Scan the records below. Copy every line in which the word "units" appears.

(Beginning of RECORDS SHOWN)

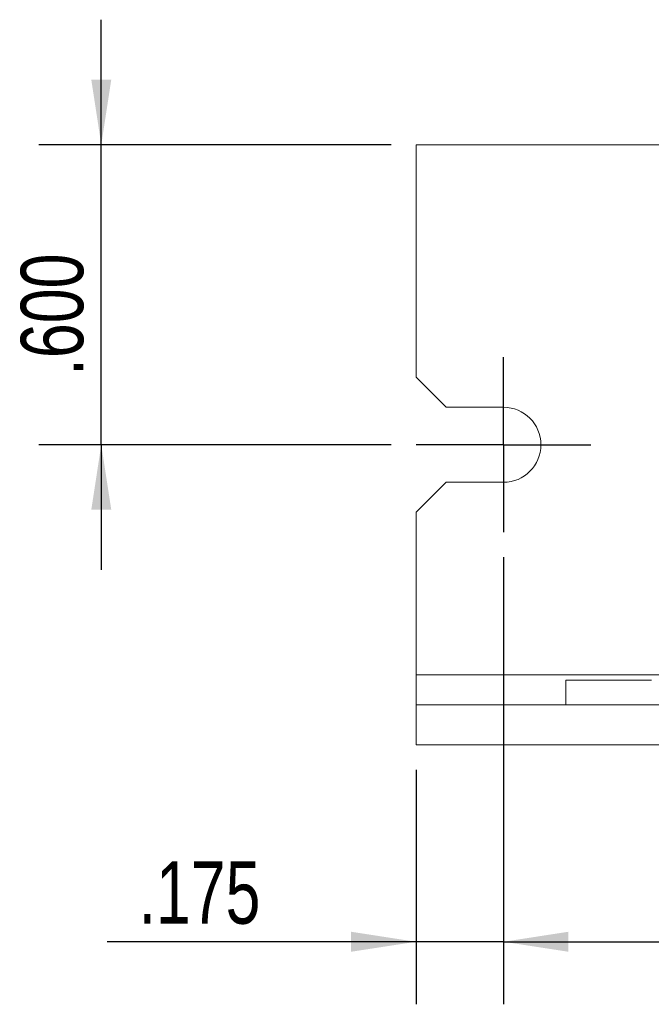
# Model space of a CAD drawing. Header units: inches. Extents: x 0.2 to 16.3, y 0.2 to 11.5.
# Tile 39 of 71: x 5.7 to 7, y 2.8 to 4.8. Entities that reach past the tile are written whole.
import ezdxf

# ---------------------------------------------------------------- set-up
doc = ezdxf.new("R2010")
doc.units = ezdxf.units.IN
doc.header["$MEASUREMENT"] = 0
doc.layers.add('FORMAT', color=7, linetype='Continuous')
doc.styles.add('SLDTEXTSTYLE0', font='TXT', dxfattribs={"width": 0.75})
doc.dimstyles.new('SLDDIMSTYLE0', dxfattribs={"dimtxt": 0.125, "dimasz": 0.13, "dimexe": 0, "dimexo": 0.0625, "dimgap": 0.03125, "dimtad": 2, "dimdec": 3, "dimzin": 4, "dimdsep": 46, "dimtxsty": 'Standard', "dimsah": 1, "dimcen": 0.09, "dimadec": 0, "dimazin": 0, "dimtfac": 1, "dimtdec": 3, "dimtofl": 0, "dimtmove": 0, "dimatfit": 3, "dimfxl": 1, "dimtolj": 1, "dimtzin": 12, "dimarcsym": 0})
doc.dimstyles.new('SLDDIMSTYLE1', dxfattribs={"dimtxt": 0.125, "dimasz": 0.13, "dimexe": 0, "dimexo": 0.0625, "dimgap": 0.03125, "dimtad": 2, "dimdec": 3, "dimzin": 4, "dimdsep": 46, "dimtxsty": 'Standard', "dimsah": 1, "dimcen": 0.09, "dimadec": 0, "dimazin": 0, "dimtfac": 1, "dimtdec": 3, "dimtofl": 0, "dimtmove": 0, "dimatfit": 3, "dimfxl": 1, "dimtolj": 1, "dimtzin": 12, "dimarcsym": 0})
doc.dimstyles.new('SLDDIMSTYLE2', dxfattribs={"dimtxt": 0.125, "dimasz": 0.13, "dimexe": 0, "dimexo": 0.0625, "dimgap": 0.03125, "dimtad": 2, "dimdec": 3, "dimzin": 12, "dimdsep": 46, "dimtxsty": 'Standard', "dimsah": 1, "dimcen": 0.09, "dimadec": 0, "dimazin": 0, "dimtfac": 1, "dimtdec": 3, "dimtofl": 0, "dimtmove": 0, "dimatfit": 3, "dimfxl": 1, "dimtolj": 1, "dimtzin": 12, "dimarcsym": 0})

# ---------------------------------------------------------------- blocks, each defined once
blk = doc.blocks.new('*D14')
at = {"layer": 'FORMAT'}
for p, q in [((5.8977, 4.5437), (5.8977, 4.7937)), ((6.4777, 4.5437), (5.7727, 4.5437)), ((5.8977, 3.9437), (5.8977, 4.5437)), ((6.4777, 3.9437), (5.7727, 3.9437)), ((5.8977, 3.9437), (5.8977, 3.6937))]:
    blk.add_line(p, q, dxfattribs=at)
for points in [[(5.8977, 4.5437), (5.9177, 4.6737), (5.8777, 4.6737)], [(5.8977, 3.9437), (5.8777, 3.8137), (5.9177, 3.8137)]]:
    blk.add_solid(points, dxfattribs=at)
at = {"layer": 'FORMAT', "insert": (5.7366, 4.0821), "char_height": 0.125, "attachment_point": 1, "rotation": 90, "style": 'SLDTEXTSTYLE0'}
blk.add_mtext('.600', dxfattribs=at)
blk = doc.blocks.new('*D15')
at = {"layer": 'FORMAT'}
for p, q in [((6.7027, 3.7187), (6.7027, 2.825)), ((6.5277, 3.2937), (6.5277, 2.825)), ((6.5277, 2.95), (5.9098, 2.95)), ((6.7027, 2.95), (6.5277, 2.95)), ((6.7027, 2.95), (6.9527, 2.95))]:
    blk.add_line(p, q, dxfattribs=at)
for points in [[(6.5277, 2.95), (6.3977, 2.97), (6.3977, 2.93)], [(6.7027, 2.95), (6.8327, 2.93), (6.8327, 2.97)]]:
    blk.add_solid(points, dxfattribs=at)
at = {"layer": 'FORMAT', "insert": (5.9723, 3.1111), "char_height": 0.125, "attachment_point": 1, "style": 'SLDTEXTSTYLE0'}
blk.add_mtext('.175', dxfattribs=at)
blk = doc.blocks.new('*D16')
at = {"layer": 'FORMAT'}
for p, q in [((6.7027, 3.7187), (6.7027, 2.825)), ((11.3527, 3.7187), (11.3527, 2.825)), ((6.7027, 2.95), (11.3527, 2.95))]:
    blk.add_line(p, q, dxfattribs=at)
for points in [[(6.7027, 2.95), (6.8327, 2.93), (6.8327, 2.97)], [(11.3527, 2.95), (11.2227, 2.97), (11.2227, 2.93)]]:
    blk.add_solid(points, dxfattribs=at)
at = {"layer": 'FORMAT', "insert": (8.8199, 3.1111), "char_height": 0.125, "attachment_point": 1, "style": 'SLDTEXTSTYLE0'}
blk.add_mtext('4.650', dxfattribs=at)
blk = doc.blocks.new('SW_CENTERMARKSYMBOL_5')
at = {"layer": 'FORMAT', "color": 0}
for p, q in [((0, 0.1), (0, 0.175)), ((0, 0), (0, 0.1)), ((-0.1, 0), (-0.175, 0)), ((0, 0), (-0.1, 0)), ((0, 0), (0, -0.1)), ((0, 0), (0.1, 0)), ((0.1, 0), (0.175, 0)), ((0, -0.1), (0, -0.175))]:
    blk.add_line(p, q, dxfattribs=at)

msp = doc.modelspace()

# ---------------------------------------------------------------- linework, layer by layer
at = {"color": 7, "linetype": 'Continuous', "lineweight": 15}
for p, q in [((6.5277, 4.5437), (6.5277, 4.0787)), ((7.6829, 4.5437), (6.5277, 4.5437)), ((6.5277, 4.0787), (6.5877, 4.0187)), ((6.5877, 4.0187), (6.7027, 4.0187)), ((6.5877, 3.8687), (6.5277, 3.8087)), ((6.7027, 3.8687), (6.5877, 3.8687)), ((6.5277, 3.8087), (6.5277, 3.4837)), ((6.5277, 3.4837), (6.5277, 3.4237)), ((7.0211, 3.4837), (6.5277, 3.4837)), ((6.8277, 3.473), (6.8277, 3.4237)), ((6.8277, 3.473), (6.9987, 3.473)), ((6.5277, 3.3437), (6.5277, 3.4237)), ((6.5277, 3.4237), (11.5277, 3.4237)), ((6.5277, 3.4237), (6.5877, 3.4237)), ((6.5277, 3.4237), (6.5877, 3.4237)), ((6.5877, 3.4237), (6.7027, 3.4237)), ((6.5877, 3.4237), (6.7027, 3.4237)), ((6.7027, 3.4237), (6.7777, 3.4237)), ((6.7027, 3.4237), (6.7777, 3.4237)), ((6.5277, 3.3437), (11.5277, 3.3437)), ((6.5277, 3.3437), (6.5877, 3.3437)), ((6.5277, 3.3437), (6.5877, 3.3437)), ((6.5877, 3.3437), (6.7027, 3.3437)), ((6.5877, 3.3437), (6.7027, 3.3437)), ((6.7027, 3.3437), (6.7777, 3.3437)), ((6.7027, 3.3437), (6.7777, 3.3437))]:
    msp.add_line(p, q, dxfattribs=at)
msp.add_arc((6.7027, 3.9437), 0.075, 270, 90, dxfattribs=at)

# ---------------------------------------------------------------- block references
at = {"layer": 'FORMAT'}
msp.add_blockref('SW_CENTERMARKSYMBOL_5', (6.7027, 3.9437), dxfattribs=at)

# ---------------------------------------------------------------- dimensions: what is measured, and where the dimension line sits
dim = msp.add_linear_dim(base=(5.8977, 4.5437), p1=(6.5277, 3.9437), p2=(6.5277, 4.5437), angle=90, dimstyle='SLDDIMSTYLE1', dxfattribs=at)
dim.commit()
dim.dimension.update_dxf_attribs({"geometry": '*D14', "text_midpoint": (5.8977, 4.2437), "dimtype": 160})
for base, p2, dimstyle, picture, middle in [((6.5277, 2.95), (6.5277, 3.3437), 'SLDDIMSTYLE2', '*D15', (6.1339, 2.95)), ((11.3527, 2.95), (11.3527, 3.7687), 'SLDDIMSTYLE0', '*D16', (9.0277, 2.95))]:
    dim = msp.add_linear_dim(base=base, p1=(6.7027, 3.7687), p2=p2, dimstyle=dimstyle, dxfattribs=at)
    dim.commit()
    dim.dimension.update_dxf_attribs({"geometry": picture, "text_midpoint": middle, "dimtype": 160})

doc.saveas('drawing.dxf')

(End of RECORDS SHOWN)

OUTPUT BELOW:
# Model space of a CAD drawing. Header units: inches. Extents: x 0.2 to 16.3, y 0.2 to 11.5.
doc.units = ezdxf.units.IN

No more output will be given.